- ustacks - The unique stacks program will take as input a set of
short-read sequences and align them into exactly-matching stacks. Comparing the stacks it will
form a set of loci and detect SNPs at each locus using a maximum likelihood.
- pstacks - Similar to ustacks, except this program will extract stacks
that have been aligned to a reference genome by a program such as
Bowtie or GSnap and identify SNPs. These
stacks can then be processed with cstacks or sstacks.
- cstacks - A catalog can be built from any set of samples processed
by the ustacks program. It will create a set of consensus loci, merging alleles together. In the case
of a genetic cross, a catalog would be constructed from the parents of the cross to create a set of
all possible alleles expected in the progeny of the cross.
- sstacks - Sets of stacks constructed by the ustacks program can be
searched against a catalog produced by the cstacks program. In the case of a genetic map, stacks
from the progeny would be matched against the catalog to determine which progeny contain which
- genotypes - exports Stacks data as a set of observed haplotypes, or with the haplotypes
encoded into genotypes, in either a generic format or for a particular program such as JoinMap or R/QTL. It also provides
methods for making automated corrections to certain types of loci.
- populations - This program will be executed in place of the exisiting genotypes
program when a population is being processed through the pipeline. The populations program will output site level SNP calls (in VCF format)
and will compute summary statistics such as Pi, Fis, and Fst.
- process_radtags - examines raw reads from an Illumina sequencing run and first,
checks that the barcode and the RAD cutsite are intact (correcting minor errors). Second, it slides a window down
the length of the read and checks the average quality score within the window. If the score drops below 90%
probability of being correct, the read is discarded.
- process_shortreads - performs the same task as process_radtags for fast cleaning of randomly
sheared genomic or transcriptomic data.
- clone_filter - take a set of paired-end reads and reduce them according to PCR clones
(a PCR clone is a pair of reads that match exactly, while paried-end reads from two different DNA molecules will nearly
always be slightly different lengths).
- kmer_filter - allows paired or single-end reads to be filtered according to the number or
rare or abundant kmers they contain. Useful for both RAD datasets as well as randomly sheared genomic or transcriptomic data.
- denovo_map.pl - executes each of the stacks components to create a genetic linkage map, or
to identify the alleles in a free-standing population. It also handles uploading data to the database.
- ref_map.pl - takes reference-aligned input data and executes each of the stacks components,
using the reference alignment to form stacks, and identifies alleles. Can be used in a genetic map of a free-standing
population. It also handles uploading data to the database.
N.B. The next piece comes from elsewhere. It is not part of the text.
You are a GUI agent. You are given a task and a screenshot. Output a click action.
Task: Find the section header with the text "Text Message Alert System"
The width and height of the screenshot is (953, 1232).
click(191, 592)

- load_radtags.pl - takes a set of data produced by either the denovo_map.pl
or ref_map.pl progams (or produced by hand) and loads it into the database. This allows the data
to be generated on one computer, but loaded from another. Or, for a database to be regenerated without re-executing the pipeline.
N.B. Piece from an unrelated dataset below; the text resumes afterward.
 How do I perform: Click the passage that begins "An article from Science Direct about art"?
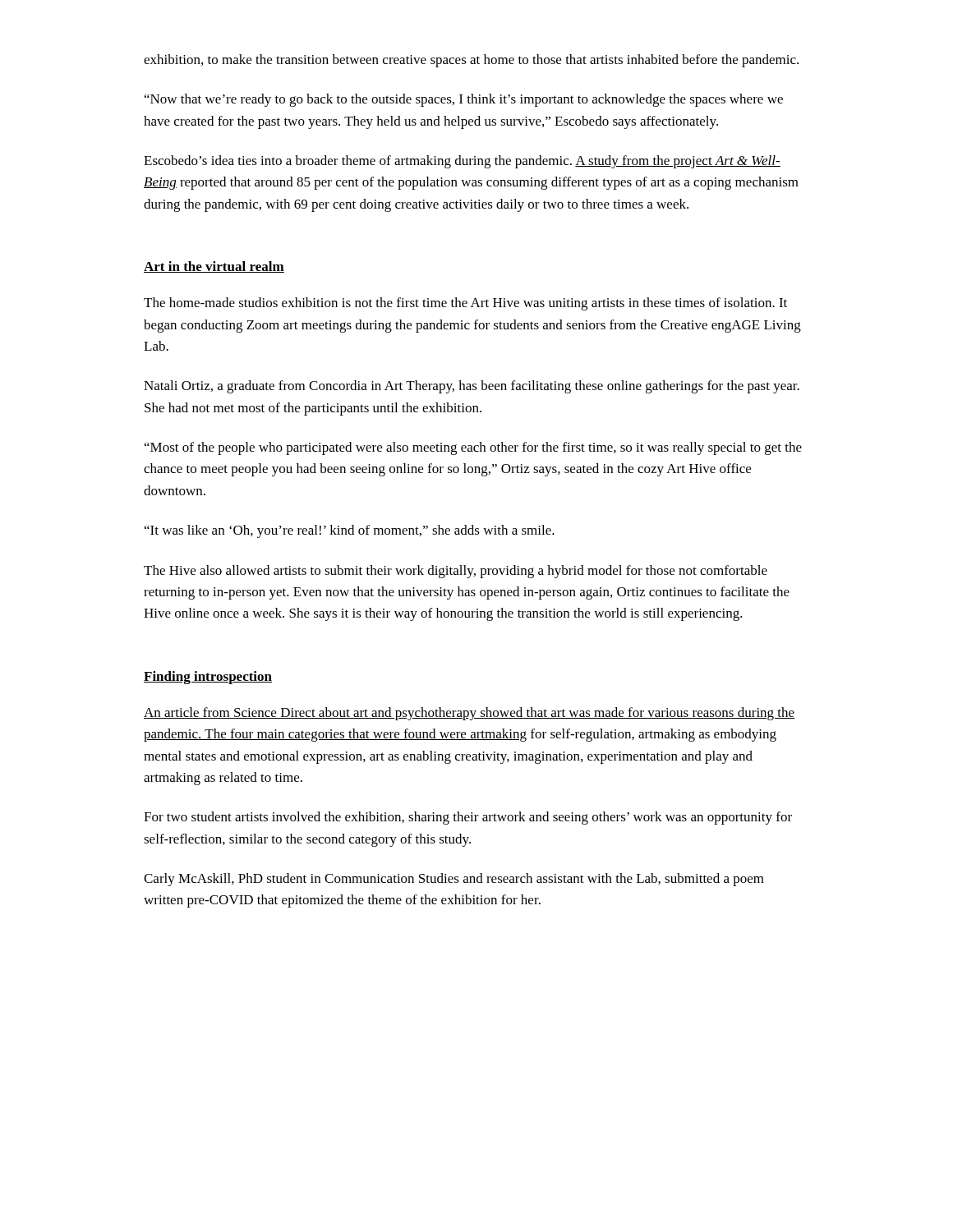(x=469, y=745)

- index_radtags.pl - indexes the database to speed execution in the web interface
after all of the data has been loaded.
- export_sql.pl - provides for the export of all of the Stacks data in a compact form. For
each locus, the script reports the consensus sequence, the number of parents and progeny that Stacks could find the locus
in, the number of SNPs found at that locus and a listing of the individual SNPs and the observed alleles, followed by
the particular allele observed in each individual. The script allows you to specify a number of filters to the data.
- sort_read_pairs.pl - collates paired-end sequences for each catalog locus.
- exec_velvet.pl - executes Velvet on the collated set of reads for each catalog locus.